Include in the output the line containing "3. maximum of" and each subsequent line of the records, through the end, transcribed exactly. Add nothing else.

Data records
BEGIN
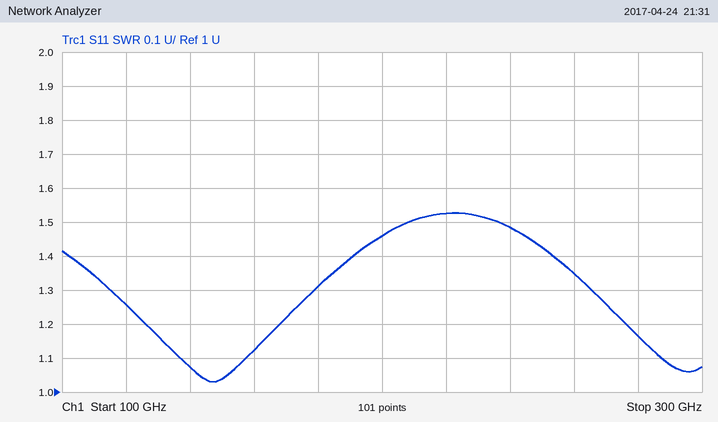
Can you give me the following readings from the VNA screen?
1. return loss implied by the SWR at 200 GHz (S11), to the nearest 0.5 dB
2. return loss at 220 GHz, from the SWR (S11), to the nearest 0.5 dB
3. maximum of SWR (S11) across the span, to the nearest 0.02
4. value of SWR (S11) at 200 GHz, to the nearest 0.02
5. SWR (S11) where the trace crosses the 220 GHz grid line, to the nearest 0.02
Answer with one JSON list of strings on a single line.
END
## EXERCISE RESULT
3. maximum of SWR (S11) across the span, to the nearest 0.02
4. value of SWR (S11) at 200 GHz, to the nearest 0.02
5. SWR (S11) where the trace crosses the 220 GHz grid line, to the nearest 0.02
Answer with one JSON list of strings on a single line.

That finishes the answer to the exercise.